═════ Provided data

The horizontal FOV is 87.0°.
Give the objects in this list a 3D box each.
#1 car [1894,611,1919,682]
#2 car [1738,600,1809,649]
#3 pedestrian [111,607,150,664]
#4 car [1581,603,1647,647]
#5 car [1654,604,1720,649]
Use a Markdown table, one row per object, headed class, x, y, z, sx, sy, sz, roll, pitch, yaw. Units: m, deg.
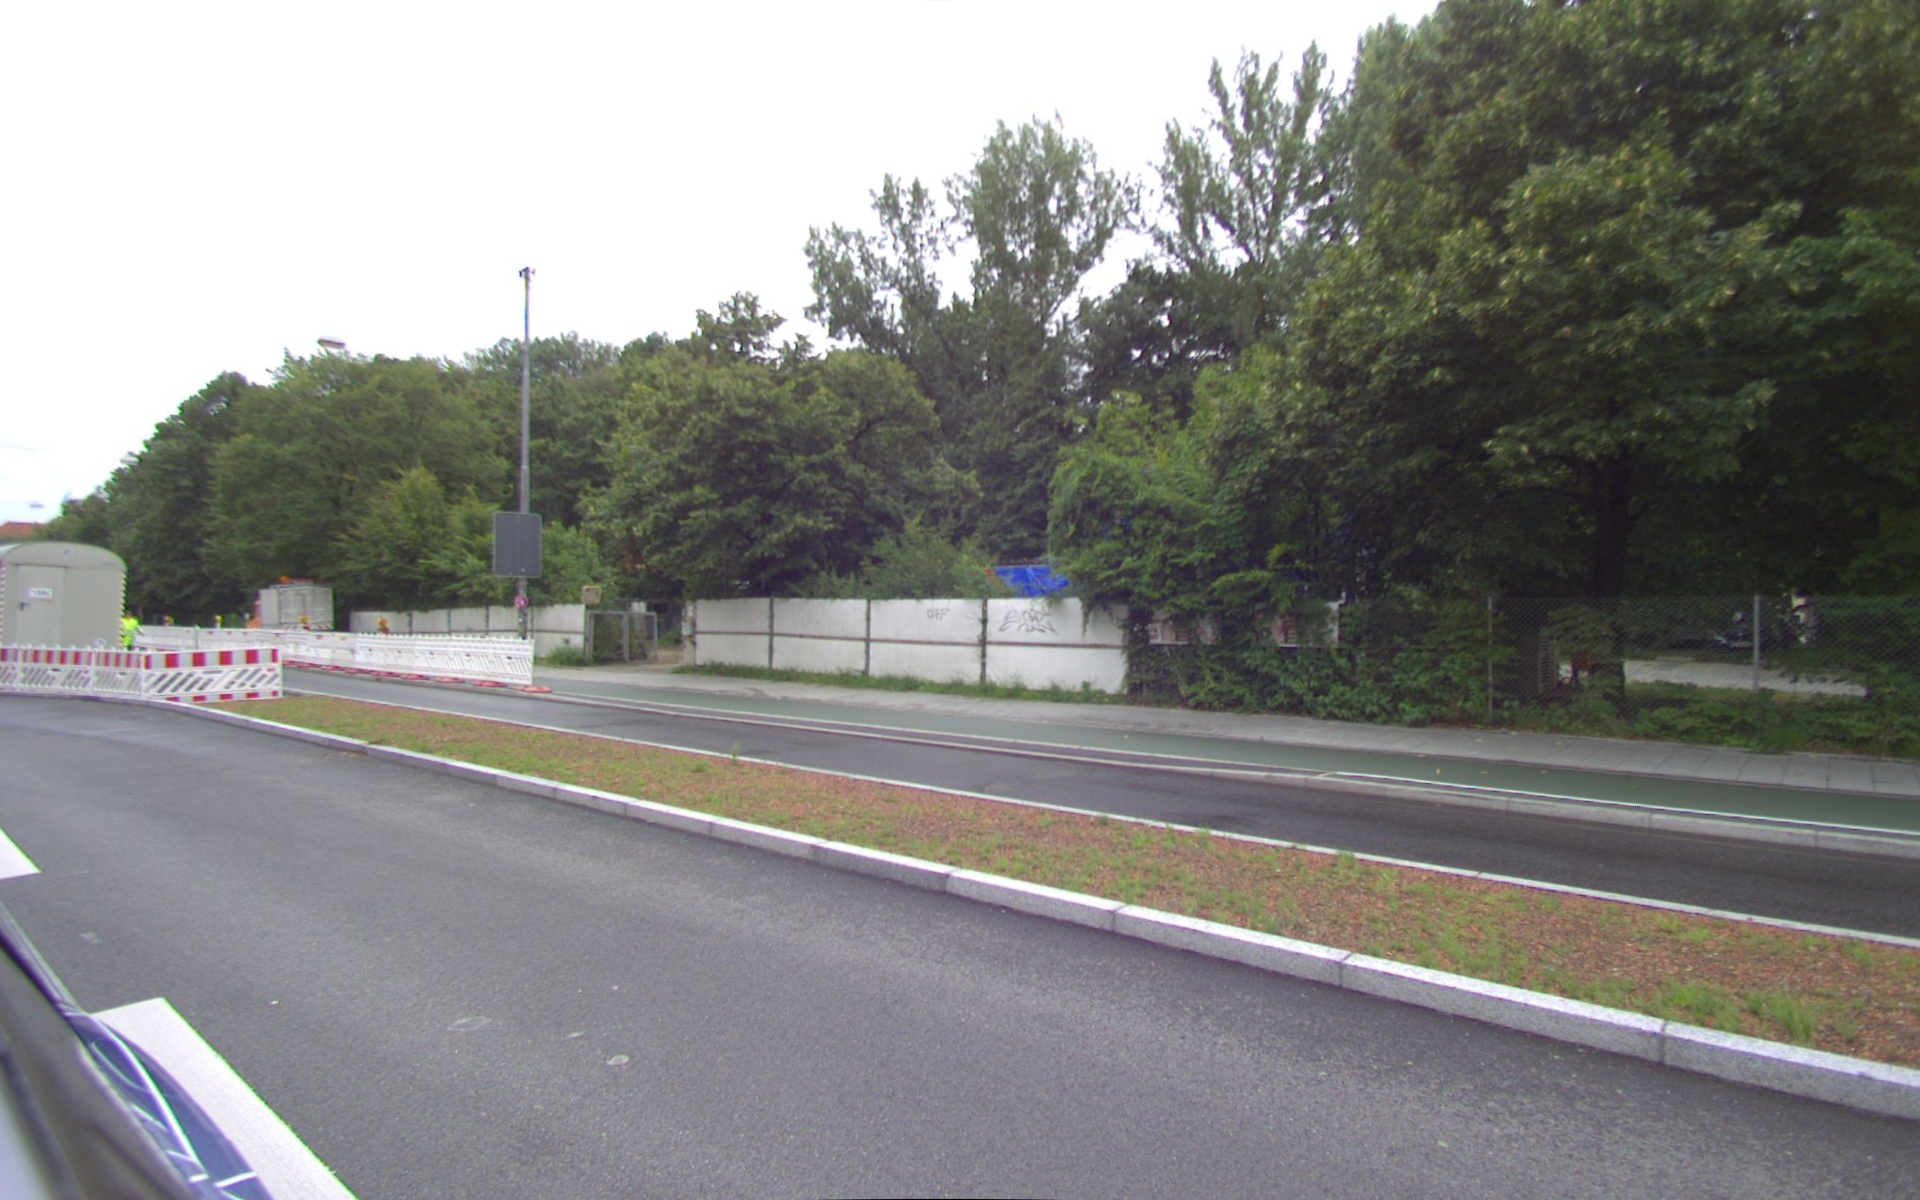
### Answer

══════════

Print, exactly as written, the first line of the records above and each line after it until the line with "#5 car [1654,604,1720,649]", which is printed too.

The horizontal FOV is 87.0°.
Give the objects in this list a 3D box each.
#1 car [1894,611,1919,682]
#2 car [1738,600,1809,649]
#3 pedestrian [111,607,150,664]
#4 car [1581,603,1647,647]
#5 car [1654,604,1720,649]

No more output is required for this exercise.